It rained for most of the month I spent in Paris. Summer 2012. Soft-lipped rain, grey skies, a sneaky wind. I hadn’t anticipated this, so I didn’t pack enough pants and sweaters. The contents of my suitcase was made up of feminine blouses without sleeves, patterned skirts, sundresses, all of which I envisioned wearing on jaunts through a sunny Avenue Saint Germain. The only sweater I brought with me was a blue Calvin Klein cardigan that belonged to the boy I was sleeping with at the time, who I thought was mostly boring, but grew attached to over time for reasons I didn’t understand. I was nineteen. What did I know? I cringe now when I see photos of me in Paris wearing that sweater, everywhere from the top of the Arc de Triomphe to the Rodin Gardens.

I had chopped most of my hair off before coming and I ate a crepe almost every day from the crepe stand next to my apartment building. I still found Paris beautiful in the rain, which I considered a marker of a great city—if you love it in the rain, then it must be truly magical. Sometimes I longed for warm afternoons reading outside at the sidewalk café I frequented near my student housing, but I was also content on the occasional blue noon, inside said coffee shop in the 11th, reading James Baldwin for our class as the slowness of the city enveloped me.

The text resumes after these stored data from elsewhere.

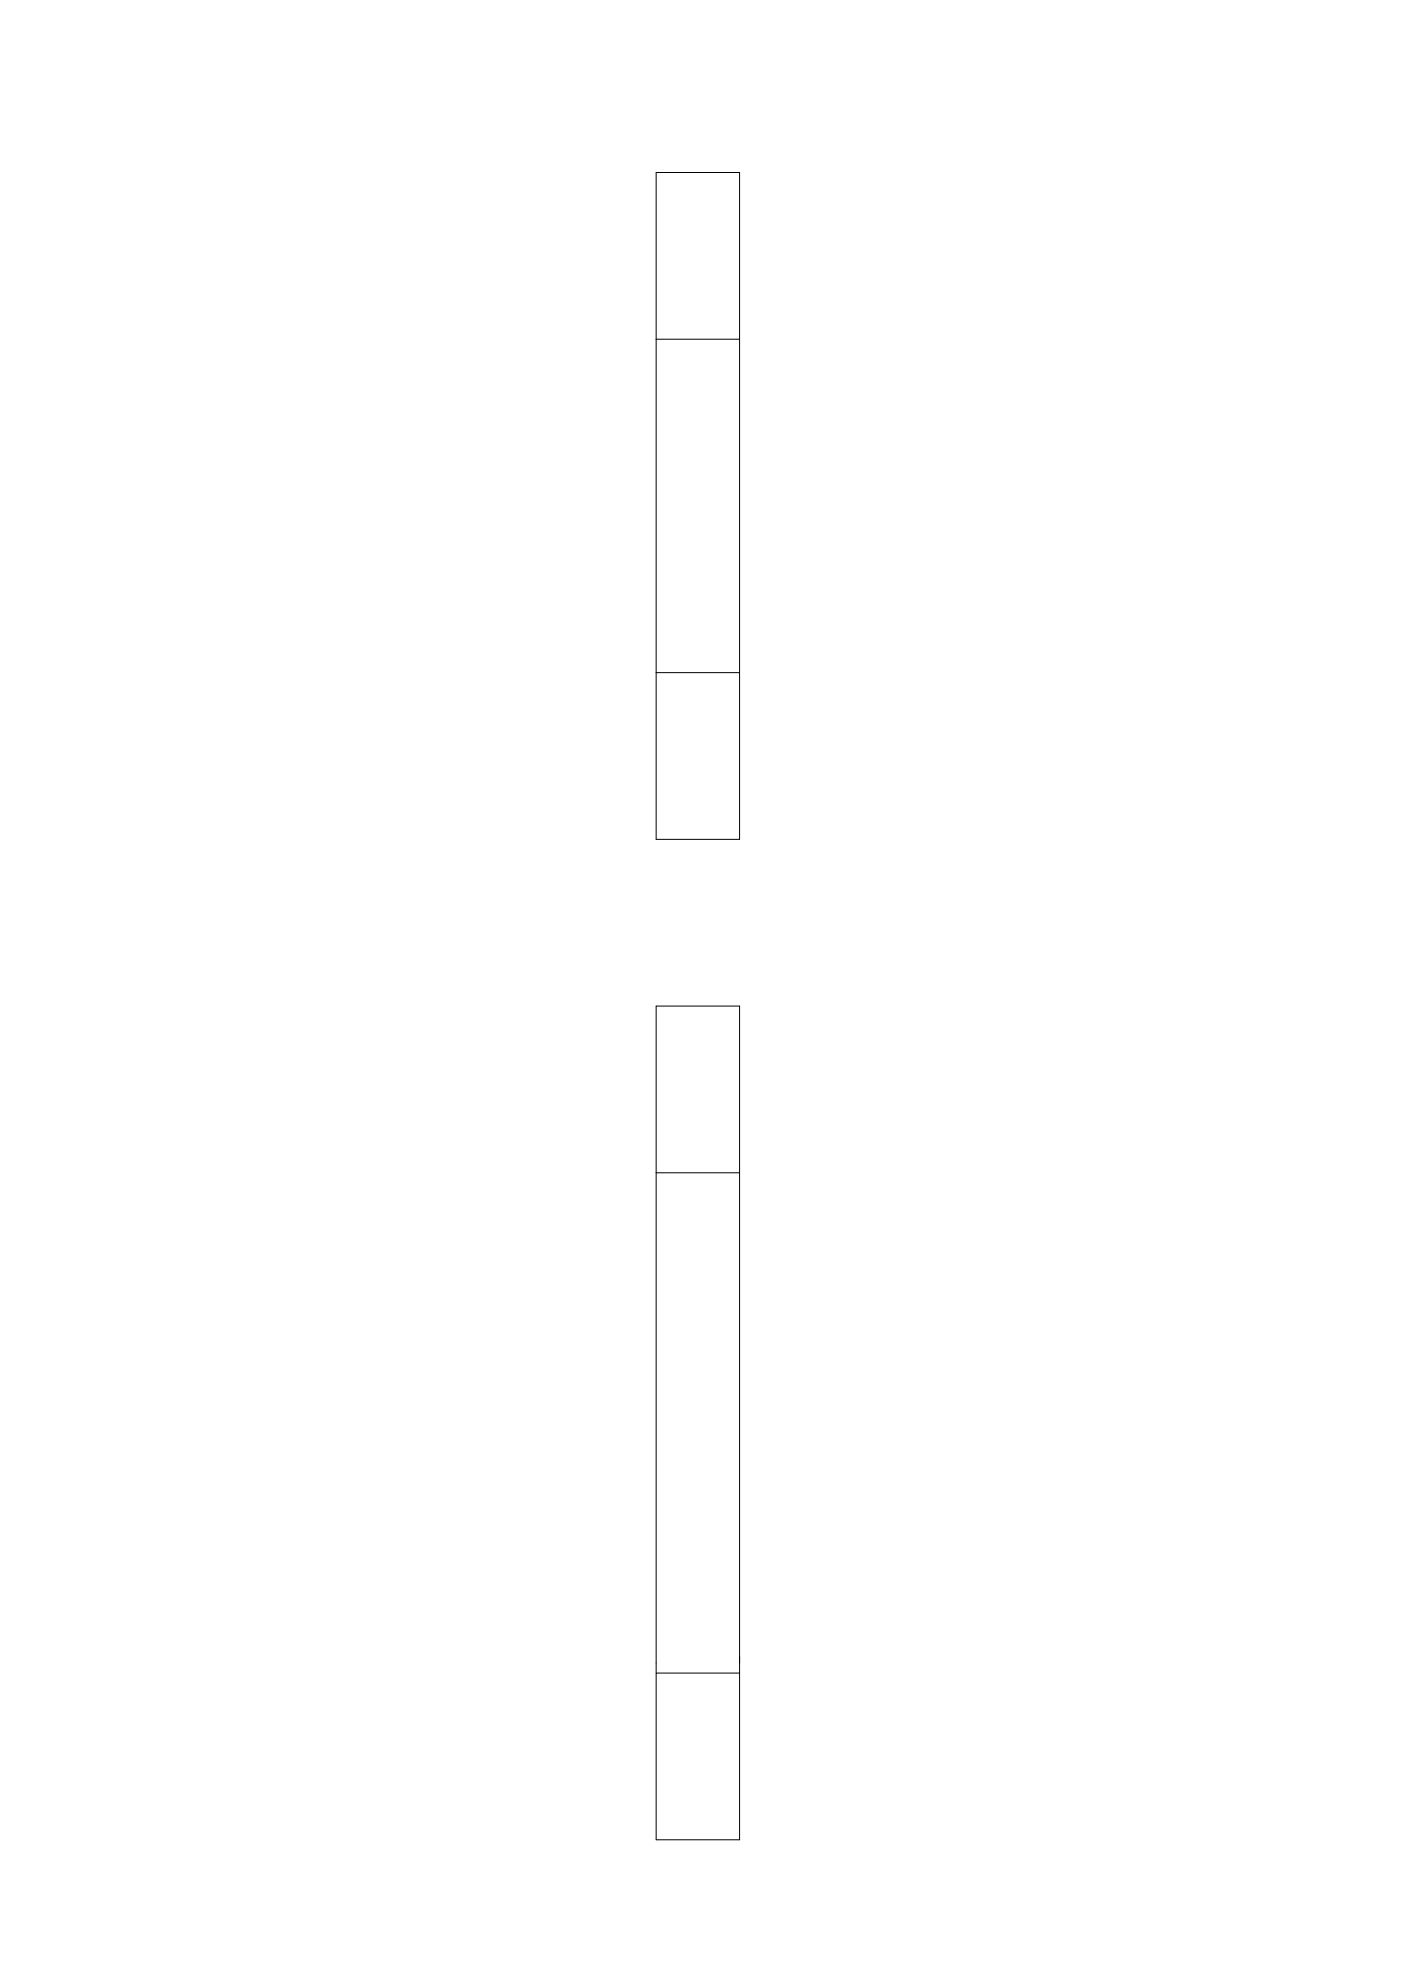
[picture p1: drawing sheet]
<svg xmlns="http://www.w3.org/2000/svg" width="420mm" height="594mm" viewBox="0 0 420 594" stroke-linecap="round" stroke-linejoin="round" font-family="sans-serif">
<!-- layer: MURO -->
<path d="M196.8 51.7h25v50h-25zM196.8 201.7h25v50h-25zM196.8 301.7h25v50h-25zM196.8 501.7h25v50h-25z" fill="none" stroke="#000" stroke-width=".3"/>
<!-- layer: FORO -->
<path d="M196.8 101.7v100M221.8 101.7v100M196.8 351.7v150M221.8 351.7v150" fill="none" stroke="#000" stroke-width=".3"/>
</svg>

I was elated to use my French for the first time in a couple of years, and my heart swelled when Parisians asked me if I was a Spaniard—surely an American would never speak such perfect French, they exclaimed.  (But I do, I thought quietly.)

I also took note of the fact that when my classmates and I traveled together, I, along with the Asian and African American women, received the most unwanted attention from passersby, usually accompanied with racialized dénouements. I awkwardly translated “delicious Chinawoman” to my Korean classmate and “chocolate queen” to my African-American ones.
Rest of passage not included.